New York mandated mask use on April 17, after the virus was already widespread. Weeks prior to the mandate, the number of recorded Covid cases were recorded at an all-time high of 810 cases per million residents before decreasing to 500 per million. There is nothing to indicate the mask mandate affected infection rates in any way.  

Rational Ground, a research group that used publicly available data to create these graphs and charts, released the graph showing the proliferation of new Covid cases following mask mandates.

The group said its findings underpin already existing studies showing mask usage is essentially useless. Rational Ground used Sweden and Israel as base models from which to study other geographic areas.

Sweden took nearly no precautions. While other countries were requiring masks, Covid infection rates in Sweden followed a telltale bell curve present in all other models.

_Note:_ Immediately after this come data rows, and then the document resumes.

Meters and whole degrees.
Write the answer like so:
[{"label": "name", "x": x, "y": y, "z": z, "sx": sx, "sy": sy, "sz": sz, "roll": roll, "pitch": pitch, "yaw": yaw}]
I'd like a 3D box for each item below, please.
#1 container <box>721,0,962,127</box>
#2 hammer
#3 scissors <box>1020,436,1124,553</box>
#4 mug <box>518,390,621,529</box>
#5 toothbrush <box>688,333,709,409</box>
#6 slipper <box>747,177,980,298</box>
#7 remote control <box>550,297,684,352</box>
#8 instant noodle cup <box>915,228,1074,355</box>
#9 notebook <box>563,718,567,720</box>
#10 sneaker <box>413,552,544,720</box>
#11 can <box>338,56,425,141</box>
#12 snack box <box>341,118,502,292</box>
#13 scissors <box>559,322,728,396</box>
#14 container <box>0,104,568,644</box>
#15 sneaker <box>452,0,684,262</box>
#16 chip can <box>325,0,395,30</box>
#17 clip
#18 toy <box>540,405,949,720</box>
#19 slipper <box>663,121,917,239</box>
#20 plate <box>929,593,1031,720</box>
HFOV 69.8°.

In Israel, officials took the pandemic and mask mandate to an extreme. The country mandated masks early on in the pandemic on April 12 and escalated mask mandates by adding fines and restrictions. Israel just went into a second lockdown after an infection-rate spike in mid-September. Meanwhile, Sweden’s infection rate has normalized.

 

Rational Ground’s findings were backed up by another recent academic study revealing the majority of masks offer essentially no protection.

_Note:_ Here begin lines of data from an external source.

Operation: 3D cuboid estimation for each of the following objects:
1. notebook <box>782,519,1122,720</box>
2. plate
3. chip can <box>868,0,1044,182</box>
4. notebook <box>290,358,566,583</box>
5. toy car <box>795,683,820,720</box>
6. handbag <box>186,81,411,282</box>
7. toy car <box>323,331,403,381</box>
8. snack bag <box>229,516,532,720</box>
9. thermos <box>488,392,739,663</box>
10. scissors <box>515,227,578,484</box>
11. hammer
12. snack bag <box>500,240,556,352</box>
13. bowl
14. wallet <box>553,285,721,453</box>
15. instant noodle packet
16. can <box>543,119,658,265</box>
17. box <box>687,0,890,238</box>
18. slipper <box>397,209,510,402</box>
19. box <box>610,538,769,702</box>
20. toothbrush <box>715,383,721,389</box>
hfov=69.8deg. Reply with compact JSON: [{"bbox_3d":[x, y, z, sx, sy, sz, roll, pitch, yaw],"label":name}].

“Well, here’s a study that looked at this exact scenario,” Ian Miller, co-founder of Rational Ground, said on Twitter. “Hmm, what’s that? ‘Cloth masks were found to be ineffective’? So weird, I’ve been told they’re better than a vaccine

.”

Rational Ground found in most scenarios a sharp spike in the number of Covid cases correlated with mask mandates.

The Association of American Physicians and Surgeons (AAPS) recently said the CDC, WHO and NIH all moved too hastily toward masks and did not properly consult academic research.

“[They] recommend wearing cloth face coverings in public settings where other social-distancing measures are hard to do (e.g., grocery stores and pharmacies),” the AAPS wrote on its blog. “The recommendation was published without a single scientific paper or other information provided to support that cloth masks actually provide any respiratory protection.”

According to the AAPS, nearly all masks are ineffective, outside of the N-95 mask that is limited in quantity and regularly reserved for medical professionals. In fact, the AAPS found sweatshirts and towels used to cover one’s mouth were more effective than masks.

“Wearing masks (other than N-95) will not be effective at preventing SARS-CoV-2 transmission, whether worn as source control or as PPE,” the AAPS statement reads.

Critics are questioning CDC Director Robert Redfield’s judgment when it comes to masks. The CDC still lists “cloth face coverings” as “a critical tool” in the pandemic. 

Redfield infamously told Congress earlier this year that masks in general are more effective than a vaccine. He rolled back that claim shortly afterwards.

The CDC itself in May released findings regarding an influenza study that found masks did not work.

“[We] did not find evidence to support a protective effect of personal protective measures or environmental measures in reducing influenza transmission,” CDC researchers said in their summary.

Redfield’s tenure at the CDC has been rocky. As an appointee to the CDC, critics focused on rumors of his questionable history of involvement in the mid-1990s on an AIDS vaccine. One doctor working with him at the time called Redfield’s vaccine data either “sloppy” or “fabricated.”